Ernest Marc Louis de Gonzague Doudart de Lagrée (/fr/; 31 March 1823 - 12 March 1868) was the leader of the French Mekong Expedition of 1866-1868.

He was born in Saint-Vincent-de-Mercuze near Grenoble, France, and graduated from the École Polytechnique. He joined the French Navy and served in the Crimean War, then took up a post in Indochina in the hope that the climate would help his chronically ulcerated throat. It did not, and throughout the Mekong expedition he was often in severe pain.

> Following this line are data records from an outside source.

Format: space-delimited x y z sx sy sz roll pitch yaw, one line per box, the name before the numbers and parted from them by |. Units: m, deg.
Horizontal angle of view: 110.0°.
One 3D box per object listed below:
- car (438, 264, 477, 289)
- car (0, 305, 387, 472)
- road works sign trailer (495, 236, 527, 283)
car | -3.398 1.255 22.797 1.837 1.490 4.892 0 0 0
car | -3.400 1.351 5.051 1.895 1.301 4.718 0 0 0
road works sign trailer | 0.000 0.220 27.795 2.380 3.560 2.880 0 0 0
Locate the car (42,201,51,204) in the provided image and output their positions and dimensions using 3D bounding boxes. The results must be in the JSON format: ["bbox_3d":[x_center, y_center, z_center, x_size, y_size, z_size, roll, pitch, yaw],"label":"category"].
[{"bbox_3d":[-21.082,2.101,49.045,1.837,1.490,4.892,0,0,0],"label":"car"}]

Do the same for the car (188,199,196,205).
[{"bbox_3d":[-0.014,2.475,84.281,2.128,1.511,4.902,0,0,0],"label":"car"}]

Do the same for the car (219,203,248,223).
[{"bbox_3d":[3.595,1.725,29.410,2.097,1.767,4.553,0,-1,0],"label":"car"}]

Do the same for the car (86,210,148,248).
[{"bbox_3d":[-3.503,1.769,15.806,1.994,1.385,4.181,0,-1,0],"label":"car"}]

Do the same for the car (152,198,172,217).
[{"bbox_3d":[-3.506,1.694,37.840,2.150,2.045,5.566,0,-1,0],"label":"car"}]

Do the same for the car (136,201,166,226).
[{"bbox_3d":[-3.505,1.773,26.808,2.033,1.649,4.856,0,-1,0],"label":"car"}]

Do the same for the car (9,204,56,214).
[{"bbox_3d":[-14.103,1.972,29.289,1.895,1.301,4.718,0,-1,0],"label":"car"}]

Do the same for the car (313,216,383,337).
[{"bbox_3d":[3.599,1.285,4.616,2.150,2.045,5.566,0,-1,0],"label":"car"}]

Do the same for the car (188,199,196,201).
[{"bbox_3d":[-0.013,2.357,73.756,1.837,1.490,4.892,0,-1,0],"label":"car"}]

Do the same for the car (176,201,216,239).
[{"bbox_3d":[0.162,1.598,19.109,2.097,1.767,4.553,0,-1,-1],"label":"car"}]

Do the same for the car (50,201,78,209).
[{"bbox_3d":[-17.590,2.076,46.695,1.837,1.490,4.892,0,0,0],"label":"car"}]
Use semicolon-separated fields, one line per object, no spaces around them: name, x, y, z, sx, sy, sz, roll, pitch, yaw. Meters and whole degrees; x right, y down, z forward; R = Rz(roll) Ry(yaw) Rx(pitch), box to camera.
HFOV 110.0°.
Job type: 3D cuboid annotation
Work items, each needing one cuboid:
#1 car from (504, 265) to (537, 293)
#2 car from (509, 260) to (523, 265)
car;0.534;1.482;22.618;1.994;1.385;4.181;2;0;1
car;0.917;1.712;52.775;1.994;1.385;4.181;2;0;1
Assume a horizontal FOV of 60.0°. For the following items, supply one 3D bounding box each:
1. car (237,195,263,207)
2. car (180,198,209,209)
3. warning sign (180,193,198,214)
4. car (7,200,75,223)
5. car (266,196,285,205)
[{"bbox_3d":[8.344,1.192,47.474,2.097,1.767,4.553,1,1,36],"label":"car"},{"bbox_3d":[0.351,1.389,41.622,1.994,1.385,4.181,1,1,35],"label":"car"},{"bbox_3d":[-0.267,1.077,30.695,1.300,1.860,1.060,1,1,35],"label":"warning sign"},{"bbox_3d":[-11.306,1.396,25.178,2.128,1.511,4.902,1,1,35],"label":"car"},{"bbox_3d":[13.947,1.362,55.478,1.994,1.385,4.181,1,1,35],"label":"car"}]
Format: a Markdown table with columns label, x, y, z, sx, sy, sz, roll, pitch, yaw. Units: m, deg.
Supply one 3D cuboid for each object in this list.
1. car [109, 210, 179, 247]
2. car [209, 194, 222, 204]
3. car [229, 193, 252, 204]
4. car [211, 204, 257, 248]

The expedition left Saigon on 5 June 1866. In addition to his ulcers, Doudart de Lagrée suffered from fever, amoebic dysentery and infected wounds caused by leeches, as the expeditioners had to walk barefoot once they had worn out their supply of shoes. By the time the expedition reached Dongchuan, in Yunnan, China, he was too sick to be moved, and his second-in-command Francis Garnier took command. Garnier led the expedition to Dali, leaving Doudart de Lagrée in the care of the doctor. He died from an abscess on his liver. The doctor removed his heart to return it to France, while Doudart de Lagrée was buried in Dongchuan.

Ernest Doudart de Lagrée was also an entomologist. Insect collections made by him in Africa are conserved in Muséum national d'histoire naturelle in Paris.

== Honours ==
- Three ships of the French Navy were named in his honour, notably the Doudart de Lagrée (F 728)
- Three stamps of French Indochina were issued in his honour in 1944–45, in the values of 1, 15 and 40 centimes.